I mean, I did just jump some curbs, put some lives in danger. And there were gunshots. Oh yeah, and a bleeding dead guy. Maybe dead. And what the hell did he toss in my back seat? Once I got tothe other side of the 244 overpass, I saw a little park. I limped the taxi into the access, and pulled into the parking lot.

Not much to it, for a park. A tennis court and a little shelter place that has one of those old cookboxes so a family could roast weenies. I get out of the cab, shaking like a newborn and start toward that little shelter, to get out of the sun. Tulsa can get damned hot in the bright, pale sunlight.

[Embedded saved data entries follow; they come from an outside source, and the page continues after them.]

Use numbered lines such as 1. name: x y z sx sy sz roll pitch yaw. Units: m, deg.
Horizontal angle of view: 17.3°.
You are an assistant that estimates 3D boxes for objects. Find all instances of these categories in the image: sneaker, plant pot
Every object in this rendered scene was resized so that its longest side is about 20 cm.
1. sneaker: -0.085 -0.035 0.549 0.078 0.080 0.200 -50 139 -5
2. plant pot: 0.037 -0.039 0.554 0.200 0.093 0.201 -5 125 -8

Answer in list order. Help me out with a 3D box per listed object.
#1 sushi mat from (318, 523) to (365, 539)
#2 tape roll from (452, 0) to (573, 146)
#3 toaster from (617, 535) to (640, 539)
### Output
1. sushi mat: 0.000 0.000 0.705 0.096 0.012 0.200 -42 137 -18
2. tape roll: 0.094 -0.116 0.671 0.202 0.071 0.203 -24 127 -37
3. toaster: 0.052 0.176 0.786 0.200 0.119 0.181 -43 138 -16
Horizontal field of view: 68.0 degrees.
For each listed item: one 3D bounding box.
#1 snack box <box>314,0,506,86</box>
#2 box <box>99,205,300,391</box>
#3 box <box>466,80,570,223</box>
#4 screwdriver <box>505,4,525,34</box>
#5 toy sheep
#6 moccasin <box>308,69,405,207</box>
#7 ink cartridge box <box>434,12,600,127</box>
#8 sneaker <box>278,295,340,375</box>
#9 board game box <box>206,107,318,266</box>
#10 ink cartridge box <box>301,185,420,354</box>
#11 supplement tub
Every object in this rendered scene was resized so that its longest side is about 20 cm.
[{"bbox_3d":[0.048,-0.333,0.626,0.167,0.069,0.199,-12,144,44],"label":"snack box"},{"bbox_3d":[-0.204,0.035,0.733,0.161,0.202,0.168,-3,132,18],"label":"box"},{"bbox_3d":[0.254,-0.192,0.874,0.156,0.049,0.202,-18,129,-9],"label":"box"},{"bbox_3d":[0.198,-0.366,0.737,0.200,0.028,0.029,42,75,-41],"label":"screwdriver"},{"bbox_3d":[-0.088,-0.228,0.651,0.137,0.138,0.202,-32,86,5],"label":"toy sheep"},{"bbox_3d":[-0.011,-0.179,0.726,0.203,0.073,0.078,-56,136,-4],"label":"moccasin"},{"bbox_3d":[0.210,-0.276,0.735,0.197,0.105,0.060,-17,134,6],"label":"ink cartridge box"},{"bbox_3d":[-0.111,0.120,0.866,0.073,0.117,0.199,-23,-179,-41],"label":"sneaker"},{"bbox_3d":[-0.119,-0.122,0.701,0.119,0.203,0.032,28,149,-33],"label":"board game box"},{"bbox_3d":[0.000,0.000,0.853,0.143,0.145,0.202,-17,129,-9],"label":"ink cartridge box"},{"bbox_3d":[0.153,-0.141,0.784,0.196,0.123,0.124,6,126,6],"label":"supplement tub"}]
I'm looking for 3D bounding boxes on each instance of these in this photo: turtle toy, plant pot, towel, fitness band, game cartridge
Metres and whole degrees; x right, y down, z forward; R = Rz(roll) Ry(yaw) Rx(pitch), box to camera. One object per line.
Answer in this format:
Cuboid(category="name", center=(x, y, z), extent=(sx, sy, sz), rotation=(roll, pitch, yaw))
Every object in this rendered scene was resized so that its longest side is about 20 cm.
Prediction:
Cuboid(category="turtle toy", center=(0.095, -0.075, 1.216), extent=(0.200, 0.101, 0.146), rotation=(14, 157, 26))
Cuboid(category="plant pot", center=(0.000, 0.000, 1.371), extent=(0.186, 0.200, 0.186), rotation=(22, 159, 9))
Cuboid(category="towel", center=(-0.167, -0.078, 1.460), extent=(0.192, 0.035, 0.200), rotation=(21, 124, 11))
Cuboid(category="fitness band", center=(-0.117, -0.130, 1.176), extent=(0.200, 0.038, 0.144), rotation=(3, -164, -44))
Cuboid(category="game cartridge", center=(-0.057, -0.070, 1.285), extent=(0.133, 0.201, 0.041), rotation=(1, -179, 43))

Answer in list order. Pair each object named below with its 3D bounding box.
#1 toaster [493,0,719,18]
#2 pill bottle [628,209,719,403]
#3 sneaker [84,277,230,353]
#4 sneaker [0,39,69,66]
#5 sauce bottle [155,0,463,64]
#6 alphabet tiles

I get about half way there and think... "Water. I need water. Or coffee. Or whiskey. No... water. Dammit, I left my coffee mug in the cab."

I turn around and go back and get my mug. There's still some coffee, cold of course, and I down it. I see a little water fountain in the park near the shelter so I head there. Of course, it doesn't work. Lucky me, though, there's one of those hand spigots nearby, something that the city yard folk use to water the grass or wash their hands. I don't know. It's water.

And it's locked with a good old Yale padlock, rusty and decrepit looking. Good thing I have a hammer in the cab.

So I get the hammer and while I'm picking it off the floor of the cab, I see all this paper and crap and wonder what the heck it all came from. Then I remember. Brian dumped his case on my floor.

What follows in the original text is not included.